Use Jupyter Notebook to create cells automatically

Make no mistake about it — Python’s goal is to optimize readability. Computer programming is already a difficult endeavor. Python wants to make it a little bit easier.

One of the biggest fundamental choices of how to start your Python programming project is knowing which integrated development environment (IDE) to use. Now if you’re a data scientist, it would be a mistake to not at least consider Jupyter Notebook. One of the biggest reasons why many first fall in love with Jupyter is that it allows the user to execute a portion of their code without having to run everything all at once.

Jupyter also has a lot of tips and tricks on how to make your project easier and one of the [not-so] hidden abilities is using a module to affect Jupyter itself. That module is called IPython.

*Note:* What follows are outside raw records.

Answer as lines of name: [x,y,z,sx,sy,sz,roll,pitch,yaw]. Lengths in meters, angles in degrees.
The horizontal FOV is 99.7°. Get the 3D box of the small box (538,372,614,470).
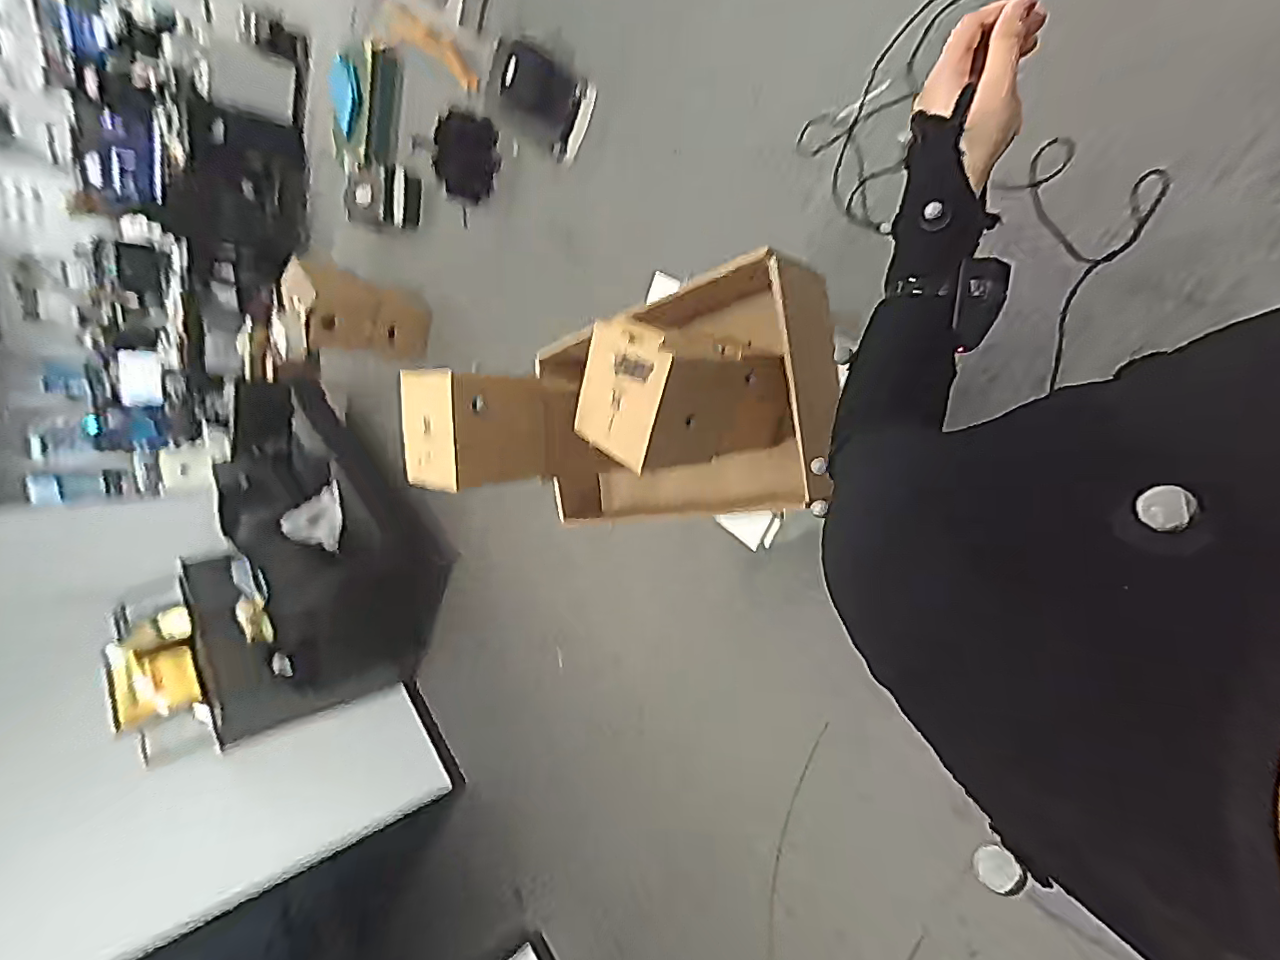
small box: [-0.164,-0.121,1.042,0.179,0.176,0.168,14,107,40]

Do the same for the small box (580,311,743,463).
small box: [0.035,-0.147,0.843,0.168,0.176,0.179,36,122,36]

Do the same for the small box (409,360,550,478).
small box: [-0.265,-0.108,0.911,0.168,0.176,0.179,10,104,43]

There’s little information online as to how to create several cells at once, but it has its uses. Let’s say you’d want to upload several CSV files at once and save them into their own separate cell? There’s a way to do that! Before we can do that, let’s first create the data. I’ll include three data frames. We could easily do that manually without this package, but as one can imagine, if we were working with dozens or more different files, it would be prudent to automate the process. Now let’s get started! We’ll do things the way that involves more grunt work.

import pandas as pd

df1 = pd.read_csv('class2.csv1)

df

df2 = pd.read_csv('class2.csv')

df3 = pd.read_csv('class3.csv')

This took some cells to create and type in. Sure, there are shortcuts. You can click on a cell and type in a to create a cell above the selected cell or b to create one below. You can also copy and paste and make some adjustments, such as replacing class1.csv with class2.csv, but a huge philosophy about Python is that automation is possible. After all, humans are inherently prone to mistakes. Now let’s try this again with one cell that exists to define the parameters, one that can tell Jupyter to automatically create more cells.

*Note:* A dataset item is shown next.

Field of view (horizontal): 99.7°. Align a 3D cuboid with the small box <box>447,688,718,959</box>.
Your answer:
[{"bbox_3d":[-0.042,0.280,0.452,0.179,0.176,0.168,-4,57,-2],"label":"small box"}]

from IPython.core.getipython import get_ipython #importing the module

file_list = ['class1.csv', 'class2.csv', 'class3.csv'] 
name_list = ['df1', 'df2', 'df3']

def create_new_cell(contents): 
    shell = get_ipython() 
    payload = dict(
        source='set_next_input',
        text=contents,
        replace=False,
    )
    shell.payload_manager.write_payload(payload, single=False)

def get_df(file_name, df_name):
    content = '''{df} = pd.read_csv('{file}')'''\
               .format(df=df_name, file=file_name)
    create_new_cell(content)

for file, name in zip(file_list, name_list):
    get_df(file, name)

A lot happened in this cell, so we’ll break this down a bit. We created file_list, which is filled with the CSV files that we’ve already used before. Next, we created name_list, which is filled with the names of the data frames, entered in corresponding order to the file list.

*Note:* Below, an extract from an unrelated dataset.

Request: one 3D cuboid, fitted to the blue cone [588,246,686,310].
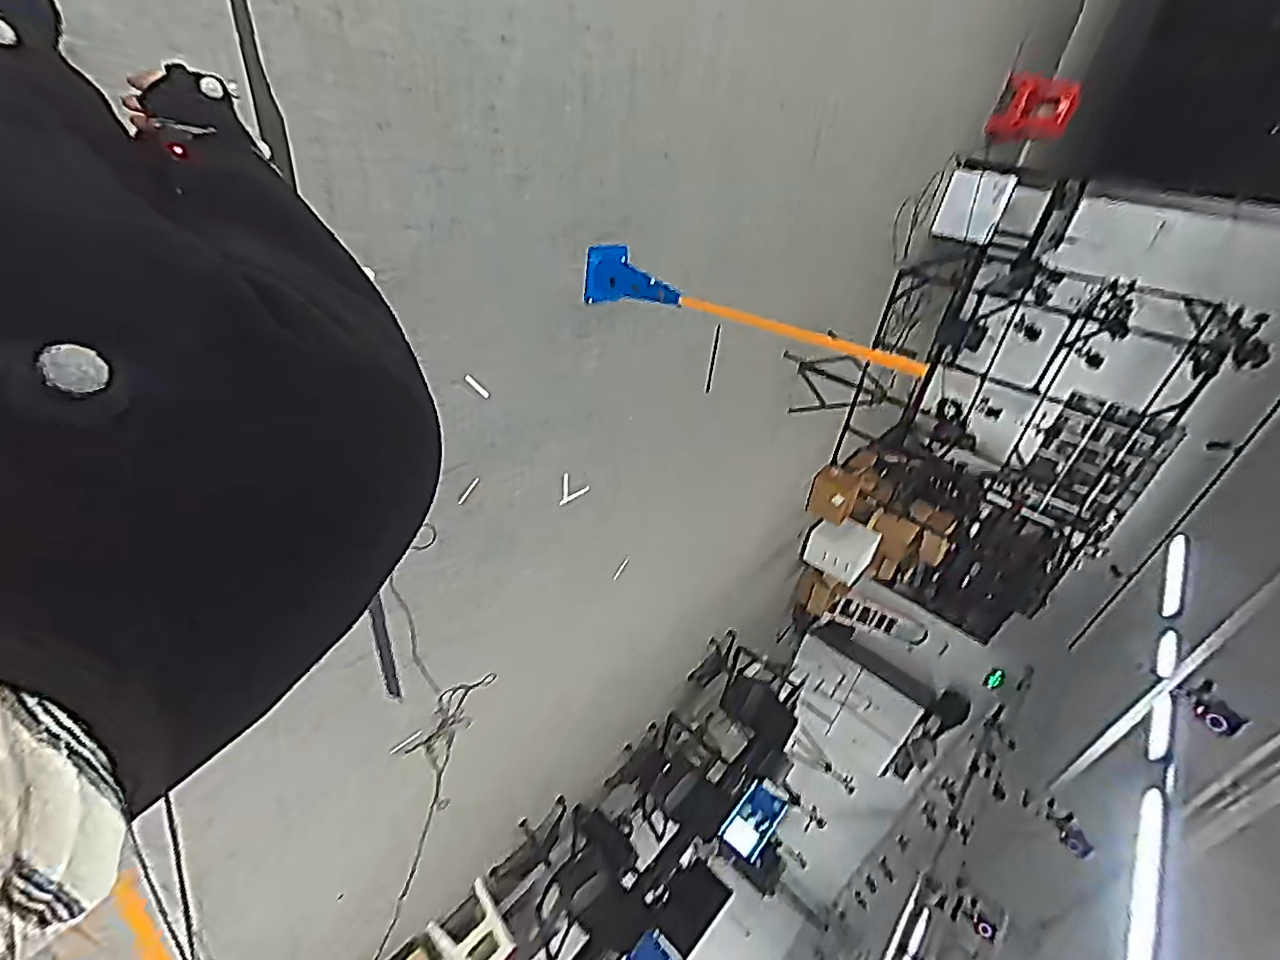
[{"bbox_3d":[0.006,-0.674,1.879,0.193,0.380,0.192,-24,135,-43],"label":"blue cone"}]

Next, we created a function, where we generated the framework to use IPython to generate a dictionary-based payload that will feed into the next function.

The next function, get_df, is used to format the terms of the read_csv. It takes the file and the name from the two lists we already created. It is important to recognize that the content is what will generate in the created cells, and so string formatting is paramount here.

Running this cell will automatically generate the next three cells, which you can then run on your own — or you can highlight all the cells and press ctrl + enter, which will run all the cells at once. Check the output.

We can even take things one step further. Let’s say you know that you want to do the same thing to all of these data frames beyond merely importing the cells, you can do that by editing the content variable. Considering these data frames all have the same columns, I’ll add in visualization.

from IPython.core.getipython import get_ipython
import seaborn as sns

file_list = ['class1.csv', 'class2.csv', 'class3.csv']
name_list = ['df1', 'df2', 'df3']

def create_new_cell(contents):
    shell = get_ipython()
    payload = dict(
        source='set_next_input',
        text=contents,
        replace=False,
    )
    shell.payload_manager.write_payload(payload, single=False)

def get_df(file_name, df_name):
    content = '''{df} = pd.read_csv('{file}')\nsns.barplot(data={df}, x='Name', y='Test Score')'''\
               .format(df=df_name, file=file_name)
    create_new_cell(content)

for file, name in zip(file_list, name_list):
    get_df(file, name)

If you run this, the output will look something like this:

It’s extremely important to note that when you add new lines, you’ll need to make use of the string command \n, which tells the string to output a new line.

This article is a tool, but one that can work to make your next project to work easier and less tedious. It takes hassle and allows Python to do your job for you, so that you can save time, reduce the ability for error, and allow you to focus on what you do best — programming!